Is Oxford the capital of Crime Fiction? This is the question being asked by some of the country’s most famous crime writers at St Hilda’s College Crime Fiction Weekend later this month.
Val McDermid, Mick Herron, Jane Casey, Lucy Atkins, Guillermo Martinez and Cara Hunter are among the line-up which runs from August 13-15.
Val McDermid (a St Hilda’s graduate) who is appearing at the festival next weekend, says “Hilda’s crime is unique – nowhere else in the world will you find such a delicious mix of erudition, wit and genuine love for the crime fiction genre in all its glory.
There’s even a special guest appearance by Endeavour’s Anton Lesser who will be assisting with solving a whodunit penned by Andrew Taylor.
For those who haven’t been before, organiser Triona Adams explains. “We will celebrate Oxford in all its marvellous, murky colours and walk down the cobbled streets of Magpie Lane arm-in-arm with Morse and Wimsey, Fen and Fawley, past Roundheads and Cavaliers, Shakespeare scholars and dodgy coppers, and all the colleges, quads, squad cars, and corpses beneath those nightmarish spires,”
“Don’t forget down these mean, cobbled streets have walked Morse, the Oxford of Charles I, Peter Wimsey, Endeavour, and even Shakespeare himself: a spired city of lofty ideals and grave motives, of High Tables and low intentions.”
For the second year running, the weekend will be online, offering crime fiction fans the world over the unique experience of hearing their favourite authors discuss the books that inspire and intrigue them.
A beautiful first edition prize from Blackwell’s Rare Books goes to whoever cracks The Case of the Cambridge Corpse, headed up by Andrew Taylor in his Whodunnit guise of Chief Inspector Taylor of the imaginary police.
All the sessions will be live with interactive Chat and an Audience Q&A.

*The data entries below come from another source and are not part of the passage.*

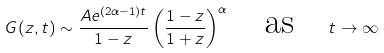Convert formula to latex. <formula><loc_0><loc_0><loc_500><loc_500>G ( z , t ) \sim \frac { A e ^ { ( 2 \alpha - 1 ) t } } { 1 - z } \left ( \frac { 1 - z } { 1 + z } \right ) ^ { \alpha } \quad \text {as} \quad t \rightarrow \infty</formula> 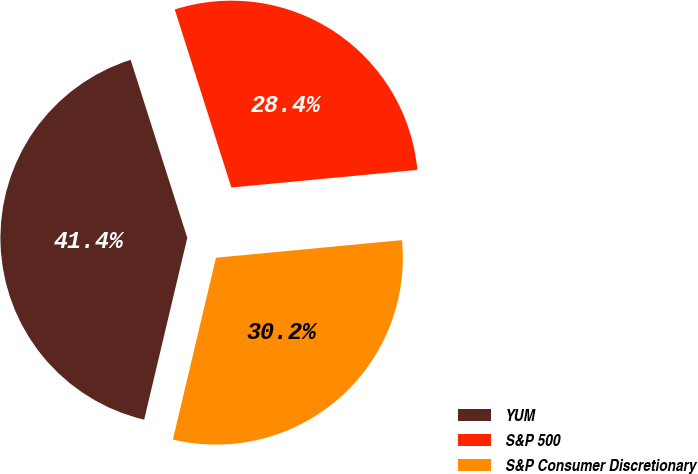Convert chart. <chart><loc_0><loc_0><loc_500><loc_500><pie_chart><fcel>YUM<fcel>S&P 500<fcel>S&P Consumer Discretionary<nl><fcel>41.39%<fcel>28.4%<fcel>30.21%<nl></chart> 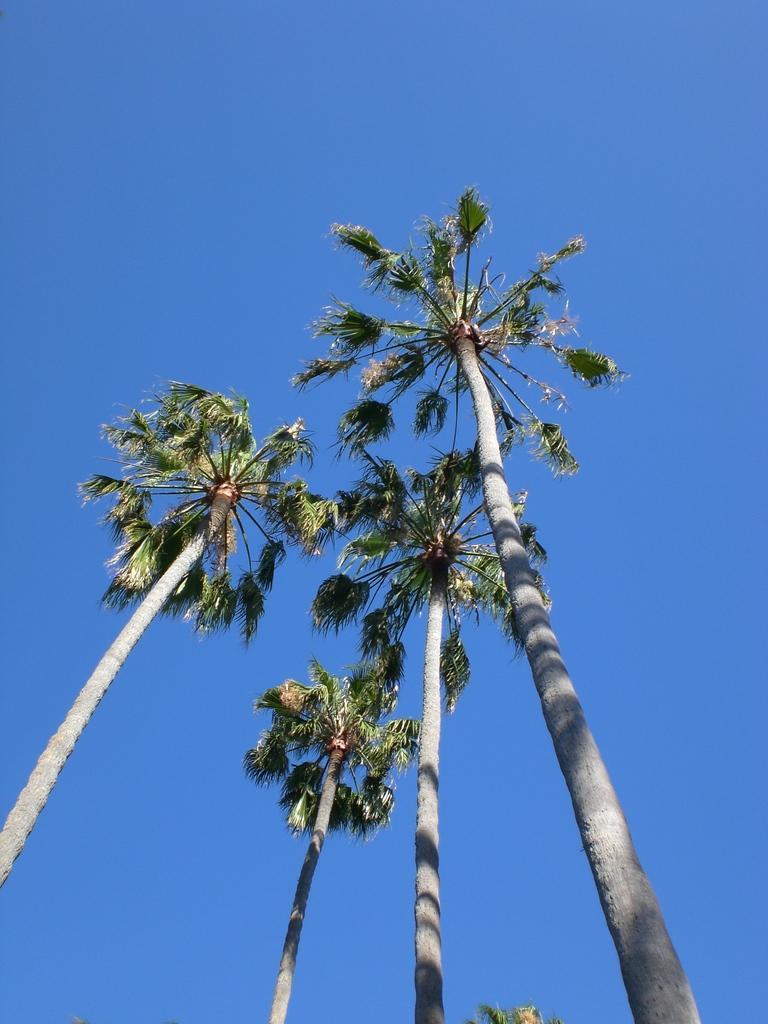How would you summarize this image in a sentence or two? In this image we can see some trees. On the backside we can see the sky.

Blackwell’s Bookshop will provide special offers at the online St Hilda’s Crime Fiction Weekend shop. Isis Audiobooks have prepared an exclusive virtual goodie bag. And there will be a special prize awarded to the winning armchair detective courtesy of Blackwells Rare Books Collection.
The 28th St Hilda’s College Crime Fiction Weekend was launched in 1994, and offers crime fiction fans from all over the world the unique experience of hearing their favourite authors exploring the genre, their own work, and the writers who inspired them.

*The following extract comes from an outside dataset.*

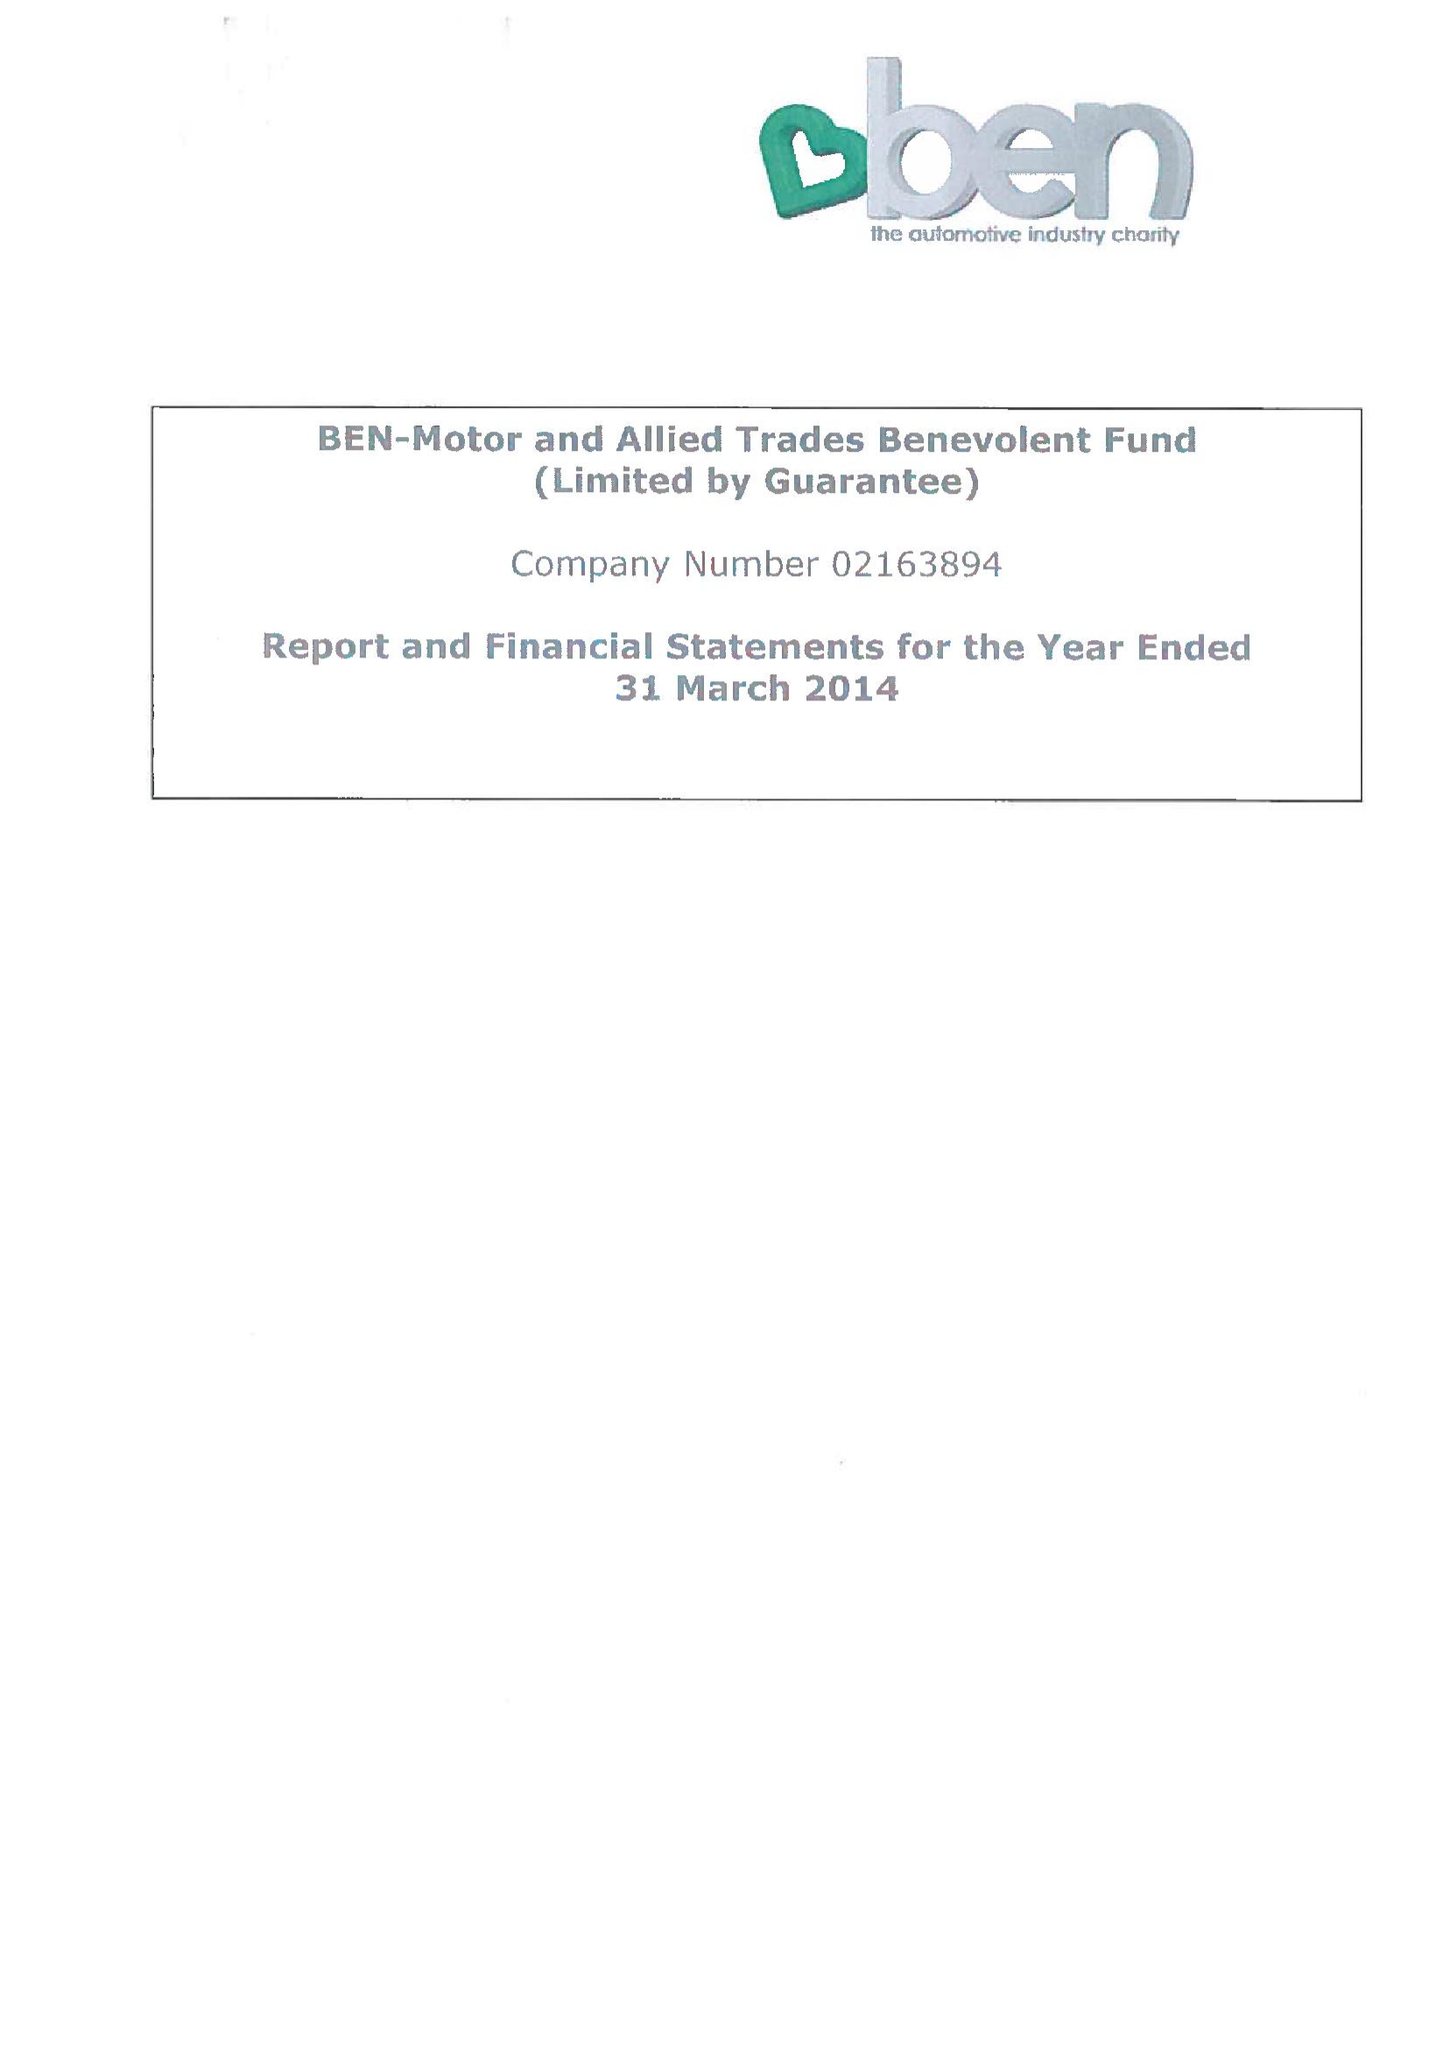What is the value for the address__street_line?
Answer the question using a single word or phrase. RISE ROAD

Events and authors include:
*Lucy Atkins – Ghosts of Oxford: revisiting and reworking Oxford and its literary past in Magpie Lane
*Jane Casey – ‘Let’s have one other gaudy night’: Lord Peter Wimsey’s Oxford
*Philip Gooden – JC Masterman: King of the Double Cross
*Mick Herron – Larcenous letters: An A-Z of Oxford Crime
*Cara Hunter – In the shadow of Morse: writing new crime for the old city
*Jean Harker – Michael Innes, Oxford Insider
*Carolyn Kirby – Nightmared Spires: finding the Gothic in Oxford novels
*Guillermo Martinez – When crime fiction lives in crime fiction
*Val McDermid – Daft, Donnish, Delightful: the detective fiction of Edmund Crispin
*Maria Rejt – ReMorseful Oxford
*Emma Smith – Shakespearean sleuths: the Scholar as Detective/the Detective as Scholar
*Veronica Stallwood – It depends what you mean by “Oxford”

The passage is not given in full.